Accordingly, the defendant’s motion for an order dismissing both counts of the accusatory instrument is hereby denied.
Bill of Particulars
The defendant’s motion for an order compelling the People to provide him with a bill of particulars is mooted by the fact that the People have served and filed a voluntary disclosure form, which contains the information sought by him.
Discovery
As to discovery sought by demand pursuant to CPL 240.20, the People shall comply with the demand as it applies to those items enumerated in CPL 240.20 within 15 days of the date of this order. As to those items sought by the defendant but not enumerated in CPL 240.20, the defendant’s motion has failed to set forth with any degree of specificity that the demanded items constitute property which the People intend to introduce at trial. Also, the defendant has failed to show that such property is material to the preparation of a defense and that the defendant’s request is reasonable (CPL 240.40). Therefore, this branch of the motion for discovery is denied.
Preclusion of Statements and Identification Evidence
The defendant’s motions to preclude the introduction of any statements allegedly made by him and any out-of-court *225identification evidence due to lack of timely notice by the People are referred to the trial court for decision.

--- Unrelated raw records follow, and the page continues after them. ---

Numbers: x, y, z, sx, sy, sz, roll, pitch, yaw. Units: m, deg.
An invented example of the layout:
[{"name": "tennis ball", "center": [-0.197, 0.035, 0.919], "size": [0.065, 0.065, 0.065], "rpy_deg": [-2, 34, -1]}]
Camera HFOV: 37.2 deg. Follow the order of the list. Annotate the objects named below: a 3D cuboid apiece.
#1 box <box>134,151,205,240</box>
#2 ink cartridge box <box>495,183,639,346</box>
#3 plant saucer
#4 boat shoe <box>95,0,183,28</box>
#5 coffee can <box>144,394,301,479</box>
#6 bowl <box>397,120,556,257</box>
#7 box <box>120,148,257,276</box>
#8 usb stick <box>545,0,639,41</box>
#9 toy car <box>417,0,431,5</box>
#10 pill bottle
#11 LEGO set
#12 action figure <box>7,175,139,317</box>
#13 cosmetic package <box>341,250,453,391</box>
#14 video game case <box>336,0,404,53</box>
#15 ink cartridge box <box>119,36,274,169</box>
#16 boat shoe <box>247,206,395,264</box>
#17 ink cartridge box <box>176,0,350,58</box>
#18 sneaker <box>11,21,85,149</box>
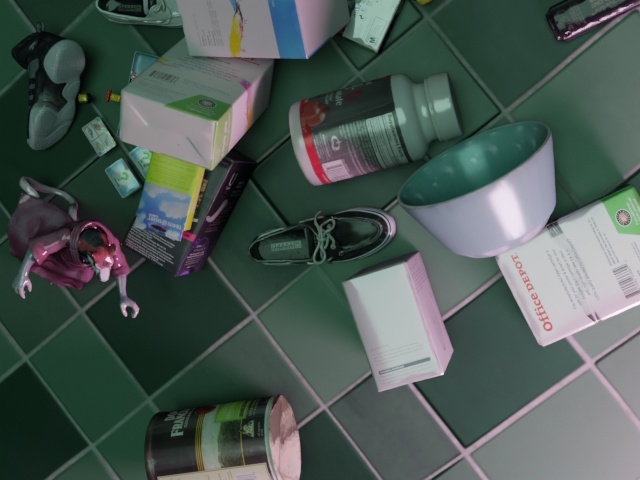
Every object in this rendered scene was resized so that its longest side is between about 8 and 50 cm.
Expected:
[{"name": "box", "center": [-0.295, -0.099, 1.879], "size": [0.109, 0.042, 0.178], "rpy_deg": [17, 98, 12]}, {"name": "ink cartridge box", "center": [0.510, 0.046, 1.836], "size": [0.289, 0.121, 0.211], "rpy_deg": [-26, 89, 14]}, {"name": "plant saucer", "center": [-0.392, -0.310, 2.069], "size": [0.067, 0.018, 0.192], "rpy_deg": [16, 99, 11]}, {"name": "boat shoe", "center": [-0.348, -0.494, 2.008], "size": [0.258, 0.084, 0.095], "rpy_deg": [-4, 93, 13]}, {"name": "coffee can", "center": [-0.201, 0.441, 1.993], "size": [0.275, 0.201, 0.201], "rpy_deg": [-11, 92, 13]}, {"name": "bowl", "center": [0.320, -0.081, 1.805], "size": [0.311, 0.311, 0.163], "rpy_deg": [-26, 107, 14]}, {"name": "box", "center": [-0.272, -0.079, 1.984], "size": [0.143, 0.165, 0.270], "rpy_deg": [30, 100, 10]}, {"name": "usb stick", "center": [0.571, -0.471, 1.820], "size": [0.278, 0.045, 0.077], "rpy_deg": [-25, 95, 14]}, {"name": "toy car", "center": [0.143, -0.597, 1.858], "size": [0.239, 0.053, 0.225], "rpy_deg": [21, 99, 10]}, {"name": "pill bottle", "center": [0.112, -0.228, 1.878], "size": [0.318, 0.176, 0.176], "rpy_deg": [-14, 91, 13]}, {"name": "LEGO set", "center": [-0.422, -0.240, 2.045], "size": [0.182, 0.060, 0.244], "rpy_deg": [-33, 86, 10]}, {"name": "action figure", "center": [-0.496, 0.008, 1.981], "size": [0.370, 0.248, 0.275], "rpy_deg": [-5, 71, 54]}, {"name": "cosmetic package", "center": [0.155, 0.152, 1.874], "size": [0.138, 0.224, 0.224], "rpy_deg": [-17, 90, 14]}, {"name": "video game case", "center": [0.075, -0.526, 1.930], "size": [0.210, 0.042, 0.232], "rpy_deg": [26, 100, 10]}, {"name": "ink cartridge box", "center": [-0.227, -0.299, 1.911], "size": [0.207, 0.353, 0.119], "rpy_deg": [19, 129, 12]}, {"name": "boat shoe", "center": [-0.001, -0.004, 1.959], "size": [0.306, 0.105, 0.113], "rpy_deg": [-4, 94, 13]}, {"name": "ink cartridge box", "center": [-0.116, -0.478, 1.838], "size": [0.270, 0.198, 0.197], "rpy_deg": [6, 125, 27]}, {"name": "sneaker", "center": [-0.608, -0.340, 2.080], "size": [0.153, 0.101, 0.268], "rpy_deg": [40, 120, 27]}]
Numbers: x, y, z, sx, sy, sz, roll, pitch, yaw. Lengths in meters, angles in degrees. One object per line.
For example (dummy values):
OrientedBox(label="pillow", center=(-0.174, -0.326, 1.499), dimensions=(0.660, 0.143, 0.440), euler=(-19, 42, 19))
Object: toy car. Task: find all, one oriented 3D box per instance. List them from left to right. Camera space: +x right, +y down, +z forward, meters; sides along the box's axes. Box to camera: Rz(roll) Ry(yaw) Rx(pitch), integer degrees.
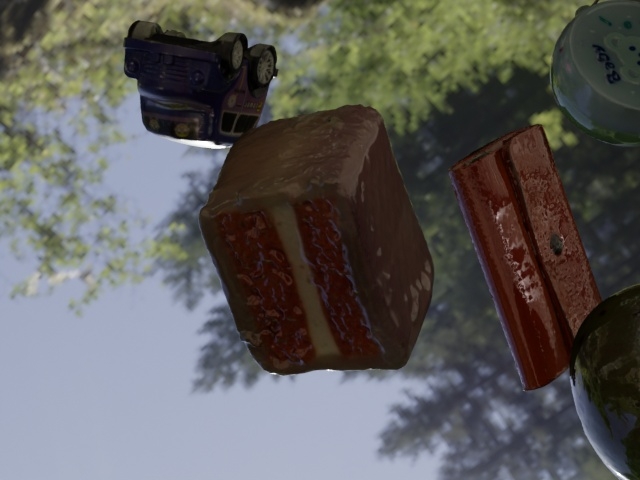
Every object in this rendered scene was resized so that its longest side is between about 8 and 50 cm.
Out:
OrientedBox(label="toy car", center=(-0.173, -0.211, 2.059), dimensions=(0.235, 0.172, 0.158), euler=(6, -86, -69))

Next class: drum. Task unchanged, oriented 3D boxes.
OrientedBox(label="drum", center=(0.300, -0.127, 1.143), dimensions=(0.253, 0.049, 0.130), euler=(0, -121, -11))

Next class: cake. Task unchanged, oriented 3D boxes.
OrientedBox(label="cake", center=(0.000, 0.000, 1.972), dimensions=(0.230, 0.237, 0.308), euler=(-66, -38, -56))

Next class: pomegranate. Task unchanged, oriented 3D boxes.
OrientedBox(label="pomegranate", center=(0.301, 0.120, 1.172), dimensions=(0.179, 0.210, 0.179), euler=(-4, -86, -62))

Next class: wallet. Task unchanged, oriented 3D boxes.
OrientedBox(label="wallet", center=(0.184, 0.011, 1.282), dimensions=(0.142, 0.045, 0.204), euler=(-29, -79, -50))

Preclusion of Prior Convictions and/or Bad Acts
The defendant’s motion to preclude the introduction of evidence of uncharged crimes in the People’s case-in-chief and to impeach him by alleged prior convictions or bad acts is referred to the trial court for decision.
Reservation of Rights
The defendant’s motion to reserve the right to make further motions is hereby denied. However, upon good cause shown, the court will permit the defendant to make additional motions.
. In Watts, the defendant had been convicted of violating a federal statute making it a crime to threaten the life of the President. The defendant allegedly said at an anti-war rally that he would refuse induction into the armed forces but if “they ever make me carry a rifle the first man I want to get in my sights is L.B.J.,” referring to the then President, Lyndon B. Johnson. The Supreme Court held that the words were pure political hyperbole and so conditional as to be a nullity (id.).
. Dietze had approached the complainant and her son, both “mentally-retarded,” called her a “bitch” and the son a “dog” and told them she would “beat the crap out of [the complainant] some day or night on the street” (id. at 50). The Dietze court held that the subdivision of the harassment statute under which she was charged was constitutionally overbroad because it criminalized such words for their “abusive” language.